Yine bu konuyu ayet topluluğundan öğrenmekteyiz, Yani ayetin bir üst ve bir alt ayeti (siyak ve sibak) olarak okunduğumuzda konuyu daha açık bir şekilde öğrenebiliyoruz. 43.ayetle cehennemlik olduklarını söyleyen bu suçlu insanlar, ayetin devamında itiraf etmektedirler. 44- 'Yoksula da yedirmezdik. 45- Ve dalanlarla birlikte dalar idik. 46- Ve Din Günü’nü yalanlıyorduk.” diyerek suçlarının sosyal destek sağlamadıklarını açık bir şekil de anlamaktayız.
NAMAZ, İNSANI ALLAH’A VE HAYTA HAZIRLAYAN HAREKETLERDİR
Geleneğimizde “namaz” tarihler boyu o kadar benimsenmiş, o kadar övülmüş ve kutsanmış ki, bu kutsama İslam’ın asıl temellerini kapatmış, diğer yüzlerini görünmez kılmıştır. Bugünkü İslam’a neresinden bakarsanız bakın, neredeyse tek başına namazdan ibaretmiş gibi gözükmekte, dinin asıl temelleri gölgelenmektedir. Namaz ön planda tutularak, dinin direği haline getirilmiştir. İslam denince ilkin namaz akla gelmektedir. Hâlbuki namaz, İslam dininin direği değil, dinin direklerinden bir tanesi ve günde beş vakit yapılması gereken ibadetlerdendir. Namazın bir boyutu da kul ile Allah arasında yapılması gerekli olan özel hamt duası; zikir, niyaz, ahit, ilişkisi olmaktadır.
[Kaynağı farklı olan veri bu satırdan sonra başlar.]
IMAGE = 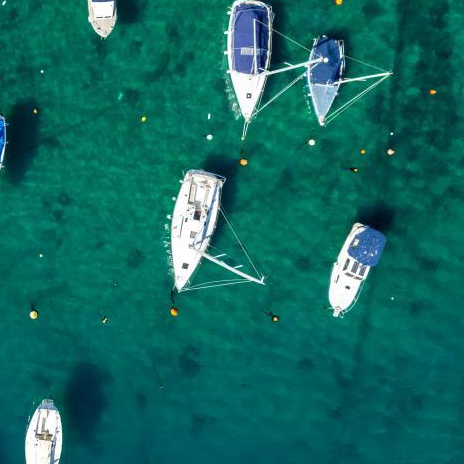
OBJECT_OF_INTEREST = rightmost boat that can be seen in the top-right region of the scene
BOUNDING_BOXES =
[303,34,394,127]
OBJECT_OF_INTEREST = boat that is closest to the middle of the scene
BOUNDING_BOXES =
[165,169,266,305]
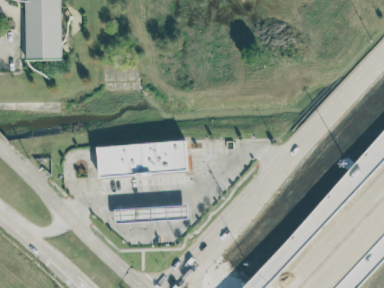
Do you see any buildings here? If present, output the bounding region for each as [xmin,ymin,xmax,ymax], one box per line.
[20,0,62,60]
[96,140,188,179]
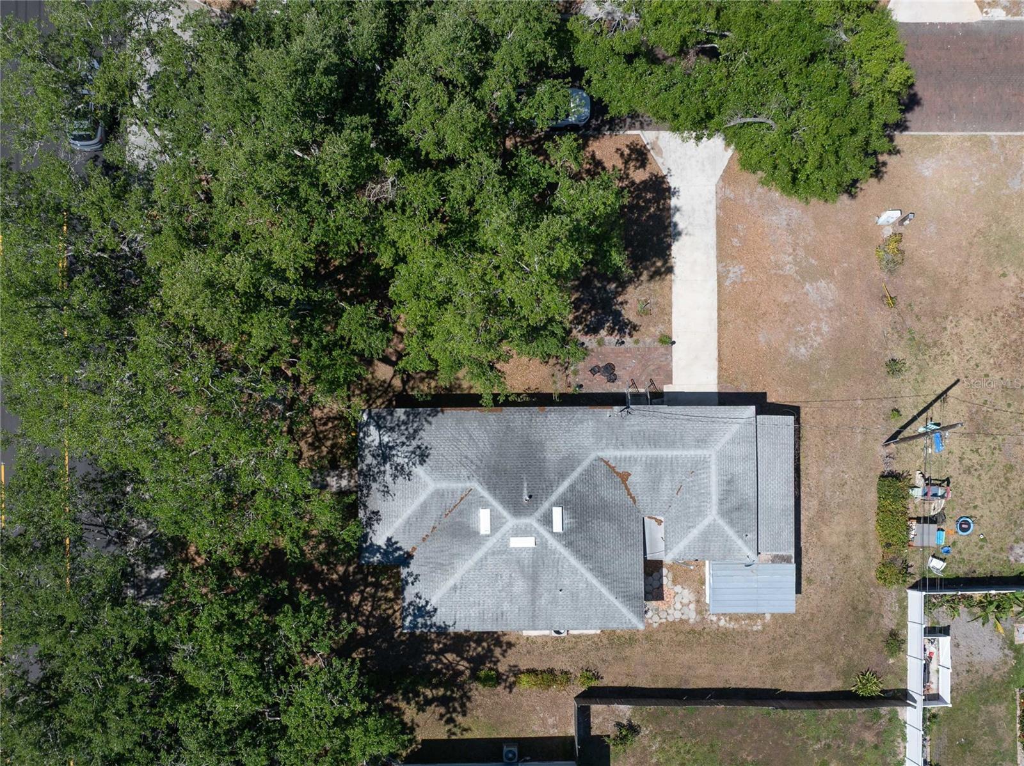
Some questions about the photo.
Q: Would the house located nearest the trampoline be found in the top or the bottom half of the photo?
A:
bottom
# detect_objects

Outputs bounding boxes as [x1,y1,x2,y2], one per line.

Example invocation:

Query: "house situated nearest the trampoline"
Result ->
[359,381,796,635]
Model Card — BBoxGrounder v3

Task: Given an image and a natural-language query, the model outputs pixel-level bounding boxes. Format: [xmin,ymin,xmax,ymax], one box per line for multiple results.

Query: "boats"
[878,210,902,225]
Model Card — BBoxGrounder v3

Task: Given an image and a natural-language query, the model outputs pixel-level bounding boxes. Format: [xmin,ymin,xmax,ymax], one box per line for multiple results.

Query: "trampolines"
[955,518,976,535]
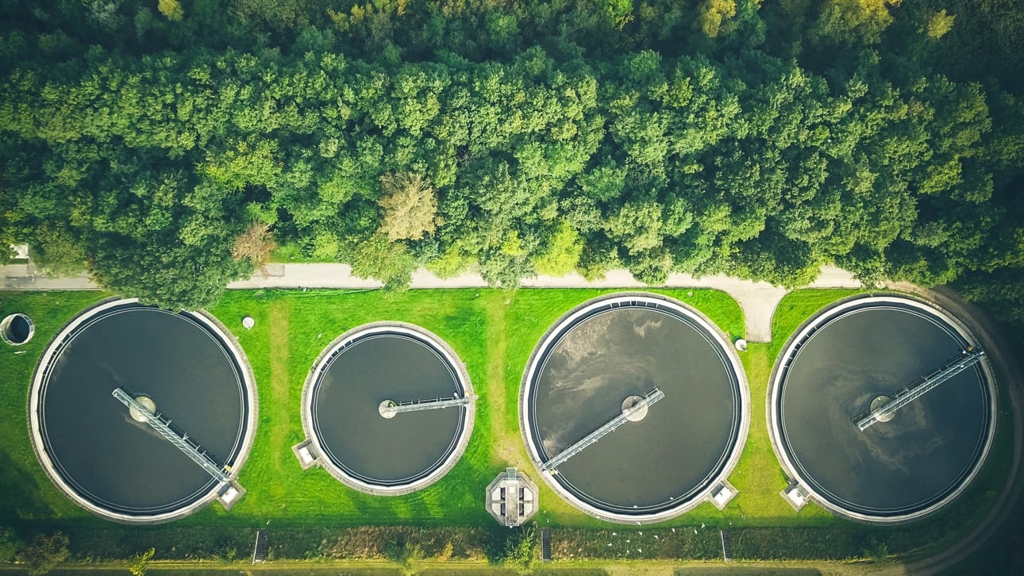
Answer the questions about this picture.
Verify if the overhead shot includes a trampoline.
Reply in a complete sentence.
No, I can't see a single trampoline in this photo.
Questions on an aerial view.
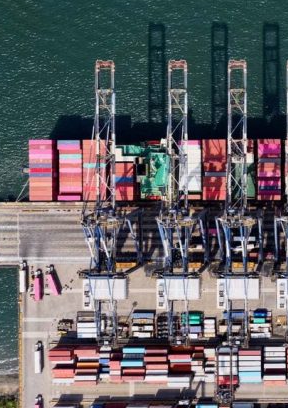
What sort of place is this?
port
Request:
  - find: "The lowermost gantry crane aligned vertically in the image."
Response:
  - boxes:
[215,338,238,404]
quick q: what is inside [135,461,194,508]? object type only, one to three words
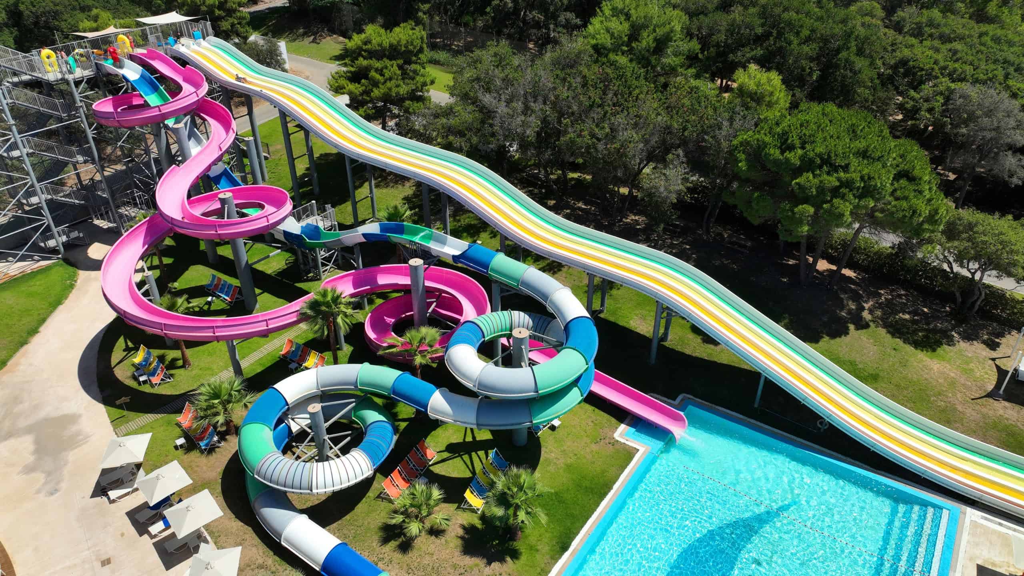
umbrella
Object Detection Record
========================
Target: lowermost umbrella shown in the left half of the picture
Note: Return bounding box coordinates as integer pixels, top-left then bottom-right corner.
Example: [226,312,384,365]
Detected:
[191,544,239,576]
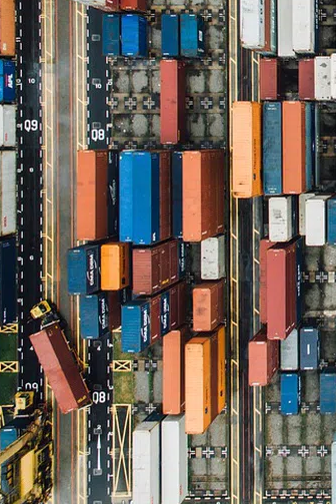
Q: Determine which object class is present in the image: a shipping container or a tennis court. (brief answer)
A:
shipping container
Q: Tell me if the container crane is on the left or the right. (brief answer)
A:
left
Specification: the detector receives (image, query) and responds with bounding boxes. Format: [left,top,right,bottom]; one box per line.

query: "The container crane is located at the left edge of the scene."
[0,409,56,504]

Bu ikili ilişkinin gösteriş ve riyadan uzak tutulması en önemli gereklerinden biridir.
Namazın bir başka anlamı da hareketlerin içerdiği anlamlarıdır. Müslüman’ın kıyamda durması Allah’ın huzurunda saygılı ve edepli olması ve hiç kimsenin önünde eğilmemesi, rükû etmemesi ve hiç kimsenin önünde secdeye kapanmamasıdır. Namaz kılanın yalnızca Allah’ın önünde, huzurunda eğilip secde etmesinin anlamı da bir özgürlük provasıdır. Yani, “Kimsenin önünde eğilmem, yalnız Allah’ın önünde eğilirim” demektir. Yine Müslüman kıldığı namaz hareketleriyle hayatın provasını yapmaktadır. Yani bu hareketlerin manaları hayata taşımaktır. Nasıl bir müsabakadan önce maça hazırlık yapılmakta ise, namaz, insanı Allah’a ve hayta hazırlayan hareketlerdir. Yani namaz, insanı, dinin ana direği olan doğruluk ve dürüstlüğe hazırlayandır. Nasıl mı okuyalım? Nahl 90: “Allah adaleti, iyilik yapmayı ve akrabaya yardım etmeyi emreder. Kötülükten, fenalıktan ve azgınlıktan ise sizi meneder. Öğüt almanız için sizi böyle aydınlatır.”